April 21, 2025, marked the end of the Executive Order 11246. It was revoked by President Trump’s Executive Order 14173 of January 21, 2025, with a note that covered contractors and subcontractors could continue to comply with E.O. 11246 without penalty for the next 90 days.
Frankly, I had anticipated more of a fight to stave off E.O. 11246’s demise, if for no other reason than the number of federal and private employees it would affect. I’d also expected to hear widespread stories of contracting officers pointing to the Federal Acquisition Regulations or otherwise going rogue to demand E.O. 11246 compliance during the lame duck period, or beyond. But, none of that happened.
Here’s What Did Happen:
- On January 24, 2025, the Acting Secretary of the DOL ordered all DOL employees, including all OFCCP employees, to cease enforcement activity, including conciliation agreement monitoring, pursuant to E.O. 11246. And, this indeed came to pass, with widespread reports of conciliation closure letters being issued in early February.
- On February 15, 2025, the Civilian Agency Acquisition Council issued a letter “authorizing agencies to issue a class deviation to ensure compliance with Executive orders 14173 and 14168.” It was supplemented on February 18, 2025.
- Since then, several agencies have issued Class Deviations based on the CAAC letter, including the General Services Administration (GSA), the USDA, the Department of Commerce, and the Department of Justice. While administrative procedure nerds can debate the propriety of Class Deviation vs. notice-and-comment regulation revision, the Class Deviation is what contracting officers are using.

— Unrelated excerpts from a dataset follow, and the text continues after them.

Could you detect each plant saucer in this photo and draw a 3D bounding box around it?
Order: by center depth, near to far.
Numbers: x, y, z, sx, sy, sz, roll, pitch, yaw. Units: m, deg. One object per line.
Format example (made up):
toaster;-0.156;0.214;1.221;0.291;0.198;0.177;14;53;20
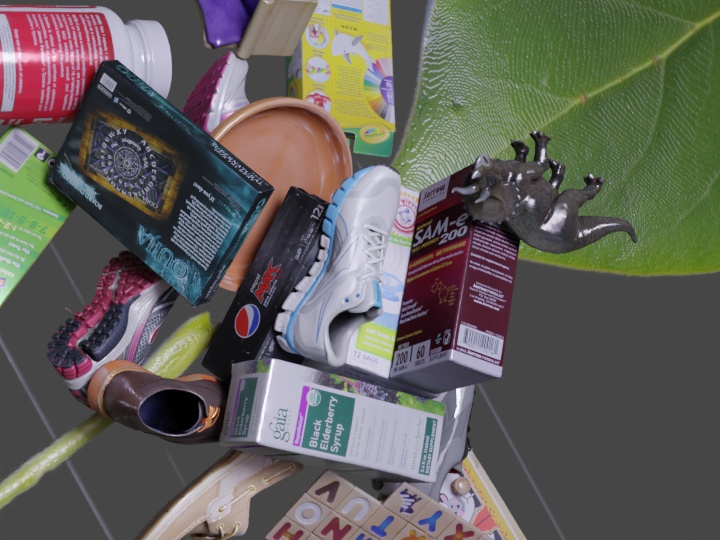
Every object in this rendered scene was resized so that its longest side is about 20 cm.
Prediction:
plant saucer;-0.096;-0.076;1.280;0.200;0.037;0.200;-20;124;-33

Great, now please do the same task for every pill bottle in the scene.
pill bottle;-0.288;-0.196;1.250;0.200;0.112;0.112;-6;80;-29

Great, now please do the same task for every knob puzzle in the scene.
knob puzzle;0.087;0.297;1.371;0.220;0.030;0.220;8;74;-27

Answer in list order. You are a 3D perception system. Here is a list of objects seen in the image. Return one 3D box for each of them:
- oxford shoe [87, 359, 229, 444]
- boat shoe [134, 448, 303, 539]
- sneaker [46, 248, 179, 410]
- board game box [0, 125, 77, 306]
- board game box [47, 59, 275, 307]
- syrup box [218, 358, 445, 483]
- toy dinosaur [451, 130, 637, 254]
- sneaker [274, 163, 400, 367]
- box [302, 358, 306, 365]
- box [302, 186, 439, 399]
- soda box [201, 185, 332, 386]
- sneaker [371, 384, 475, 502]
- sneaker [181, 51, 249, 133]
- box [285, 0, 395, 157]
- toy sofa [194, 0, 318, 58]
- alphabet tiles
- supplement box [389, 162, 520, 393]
oxford shoe;-0.160;0.136;1.224;0.200;0.073;0.071;17;93;-50
boat shoe;-0.130;0.222;1.247;0.200;0.074;0.069;-39;91;-31
sneaker;-0.220;0.044;1.253;0.200;0.081;0.075;-53;138;-35
board game box;-0.345;-0.035;1.226;0.096;0.030;0.200;38;59;-14
board game box;-0.186;-0.080;1.197;0.200;0.135;0.028;40;26;15
syrup box;-0.025;0.144;1.234;0.200;0.081;0.079;18;73;-31
toy dinosaur;0.164;-0.061;1.207;0.200;0.077;0.102;34;74;-27
sneaker;0.000;0.000;1.217;0.075;0.087;0.200;18;97;-46
box;-0.011;0.031;1.384;0.137;0.038;0.200;6;74;-27
box;0.026;0.025;1.323;0.112;0.101;0.200;22;67;-24
soda box;-0.073;0.025;1.277;0.063;0.071;0.200;24;95;-47
sneaker;0.087;0.162;1.378;0.079;0.074;0.200;34;66;-8
sneaker;-0.133;-0.123;1.341;0.088;0.081;0.200;12;77;-30
box;-0.022;-0.221;1.441;0.117;0.048;0.200;7;71;-27
toy sofa;-0.127;-0.319;1.352;0.098;0.083;0.200;-2;56;-31
alphabet tiles;0.016;0.277;1.281;0.200;0.167;0.008;35;20;-17
supplement box;0.093;0.008;1.242;0.061;0.109;0.200;21;67;-25
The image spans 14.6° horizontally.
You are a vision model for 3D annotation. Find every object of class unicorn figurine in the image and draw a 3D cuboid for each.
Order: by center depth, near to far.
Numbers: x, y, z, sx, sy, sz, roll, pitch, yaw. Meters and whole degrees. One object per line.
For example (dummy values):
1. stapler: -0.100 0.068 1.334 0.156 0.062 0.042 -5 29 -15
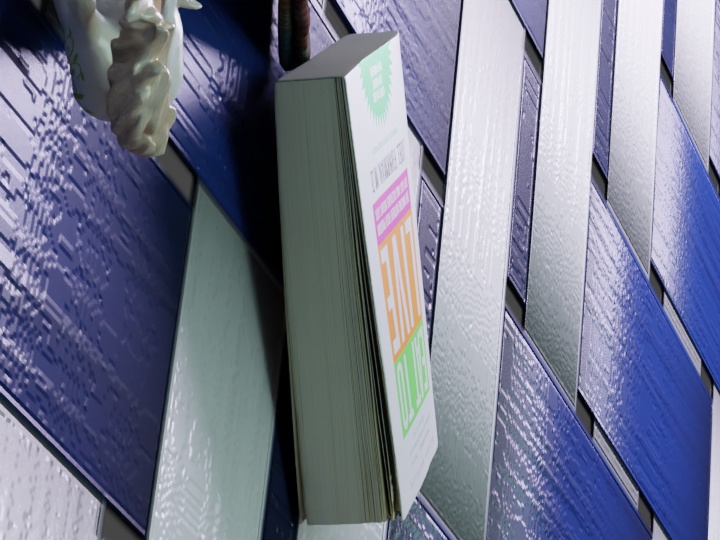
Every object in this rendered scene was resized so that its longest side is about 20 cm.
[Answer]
1. unicorn figurine: -0.089 -0.115 1.038 0.201 0.073 0.138 -83 167 -48

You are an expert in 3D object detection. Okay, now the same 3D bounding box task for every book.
1. book: 0.000 0.000 1.283 0.134 0.048 0.201 -47 133 -71

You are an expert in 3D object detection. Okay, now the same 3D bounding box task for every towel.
1. towel: -0.026 -0.207 1.241 0.147 0.022 0.201 92 -1 -74
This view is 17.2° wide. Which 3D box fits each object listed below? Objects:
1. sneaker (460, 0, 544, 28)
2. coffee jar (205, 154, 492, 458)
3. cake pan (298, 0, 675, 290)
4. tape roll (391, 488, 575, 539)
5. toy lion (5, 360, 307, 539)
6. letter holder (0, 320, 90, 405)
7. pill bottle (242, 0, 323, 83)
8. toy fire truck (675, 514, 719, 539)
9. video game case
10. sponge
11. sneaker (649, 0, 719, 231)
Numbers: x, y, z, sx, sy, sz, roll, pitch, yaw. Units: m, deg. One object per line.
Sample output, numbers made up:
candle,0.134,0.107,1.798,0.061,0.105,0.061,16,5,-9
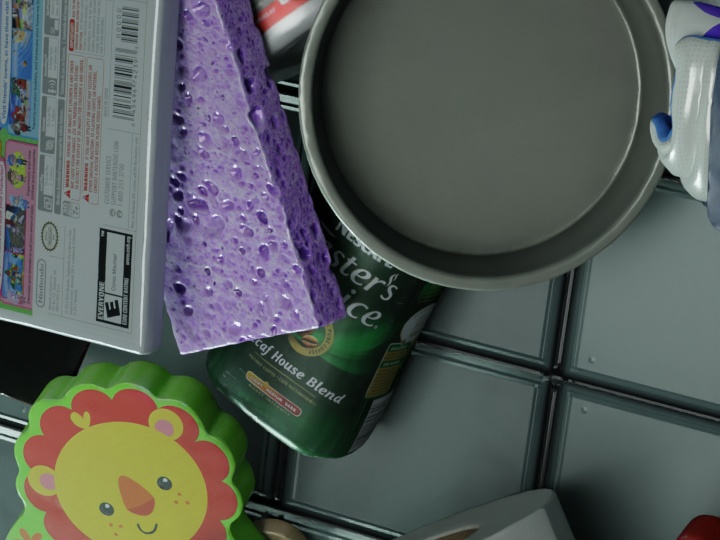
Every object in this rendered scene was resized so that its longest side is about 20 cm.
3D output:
sneaker,0.050,-0.221,1.282,0.099,0.078,0.200,-34,93,22
coffee jar,0.000,0.000,1.338,0.104,0.085,0.201,36,114,15
cake pan,0.065,-0.091,1.239,0.199,0.037,0.202,-1,99,-7
tape roll,0.041,0.221,1.297,0.202,0.202,0.140,-22,90,29
toy lion,-0.138,0.150,1.417,0.199,0.069,0.192,-32,106,29
letter holder,-0.188,-0.044,1.429,0.100,0.142,0.201,20,113,-12
pill bottle,-0.070,-0.212,1.314,0.114,0.114,0.201,-35,83,28
toy fire truck,0.240,0.225,1.258,0.199,0.112,0.169,30,131,20
video game case,-0.179,-0.069,1.303,0.181,0.022,0.201,12,105,31
sponge,-0.082,-0.057,1.290,0.111,0.030,0.201,-10,100,43
sneaker,0.214,-0.105,1.112,0.146,0.081,0.201,34,122,13
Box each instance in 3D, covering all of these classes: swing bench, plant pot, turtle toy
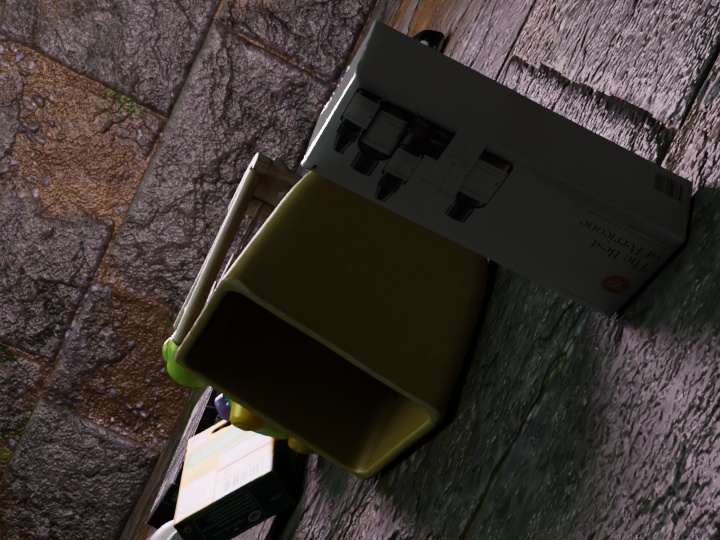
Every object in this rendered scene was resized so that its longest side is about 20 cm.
[{"bbox_3d":[-0.054,0.015,1.460,0.202,0.197,0.130,-64,8,0],"label":"swing bench"},{"bbox_3d":[-0.006,0.016,1.219,0.201,0.194,0.194,-61,6,-28],"label":"plant pot"},{"bbox_3d":[-0.112,0.107,1.582,0.101,0.199,0.147,-18,54,52],"label":"turtle toy"}]

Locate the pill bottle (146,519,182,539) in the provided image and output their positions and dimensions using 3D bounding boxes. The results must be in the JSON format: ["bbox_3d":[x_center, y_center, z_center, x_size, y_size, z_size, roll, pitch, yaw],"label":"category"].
[{"bbox_3d":[-0.203,0.346,1.736,0.112,0.111,0.200,-68,8,-23],"label":"pill bottle"}]

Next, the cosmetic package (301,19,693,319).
[{"bbox_3d":[0.075,-0.051,0.822,0.083,0.198,0.051,-54,13,50],"label":"cosmetic package"}]

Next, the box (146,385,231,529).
[{"bbox_3d":[-0.219,0.269,2.158,0.164,0.085,0.201,-54,13,53],"label":"box"}]

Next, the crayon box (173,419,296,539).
[{"bbox_3d":[-0.135,0.222,1.658,0.125,0.052,0.200,-30,19,9],"label":"crayon box"}]

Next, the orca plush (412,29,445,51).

- The certification provision of E.O. 14173, which requires the head of each agency to include in every contract or grant award a requirement that the counterparty or award recipient certify that it does not operate any DEI program that violates federal anti-discrimination laws, has been challenged successfully, at least twice, in court. However, the results of those challenges are limited to the specific parties involved. Interestingly, I couldn’t find a provision in the above Class Deviations that referenced “DEI,” “diversity,” or “anti-discrimination.”
Executive Order 11246 is in fact dead.
What’s Still Standing?
- Section 503 and VEVRAA Plans, Recordkeeping, and Outreach. While the Trump Administration has indicated a desire to ignore these (see the Jan. 24 memo above which held enforcement activities under these statutes in abeyance), they are statutes and changes to the regulations implementing the Plans and outreach for these statutes would have to be revised with a notice and comment period. The CAAC and Class Deviations all expressly affirm that Section 503 and VEVRAA are not affected.
- Uniform Guidelines on Employee Selection Procedure. I’ve written a primer on them here, and speculated here about whether the EEOC really has authority to enforce these guidelines. I certainly don’t think the Commission, whenever it’s up to a quorum, will try to enforce it in this Administration, but enterprising plaintiffs’ attorneys might argue, particularly in a class failure to hire/promote case, that lack of compliance with UGESP was a deliberate choice to ignore government guidelines to avoid creating evidence of discrimination. Federal contractors face an interesting choice to continue collecting race and sex information from applicants on the basis that its necessary for UGESP compliance or discontinue it because E.O. 11246 is no longer the law of the land. If you choose to continue collection, make sure (now more than ever) that this data is restricted, electronically and physically, to those with a need to know (which is never the hiring manager, and never in the personnel file).
- Title VII EEO-1 reporting. Employers with 100 or more employees are subject to a real regulation, supported by a statutory grant of authority, to report employees in each EEOC job group by race and sex and to report applicants and selected individuals for apprenticeships and training programs. However, if the EEO-1 portal doesn’t open (last year it was open from April 30-July 9, though it doesn’t operate on a firm annual schedule), we’ll have a tree falling in the forest situation.
- Any sort of voluntary protected status analysis. The plan structure and requirements springing from E.O. 11246 were awful ways to go about a legitimate business purpose. They were logically and statistically questionable; required lengthy, outdated and useless reports; relied on a monolithic view of minorities generally; and were founded on the premise that women and minorities (again, collectively) were inherently in need of government protection or employer favoritism to advance. They left out obviously valuable analyses, like having an employer compare their actual applicant pool to the census data in the recruitment area. They could be manipulated. And, since the Plan was required, it couldn’t be privileged or confidential, even if an attorney created it. Removing E.O. 11246 means contractors can stop wasting resources on using the wrong data to answer the wrong questions, and they can get an attorney-client privileged and confidential response to questions like:
(1) Is any job title in the organization vulnerable to claims of systemic discrimination?
(2) Are my recruiters (internal or external) failing to reach any particular demographic of qualified applicants in my recruitment area for particular job titles/groups?
(3) Will the method I’m about to deploy for a reduction in force have a disparate impact on a protected group?
(4) Is employee compensation reliably related to non-discriminatory factors like education, time with company, time in position, performance evaluations, management-level, location, etc.?
(5) Is the retention rate for employees in a particular job title or group substantially different for members of one or more protected groups?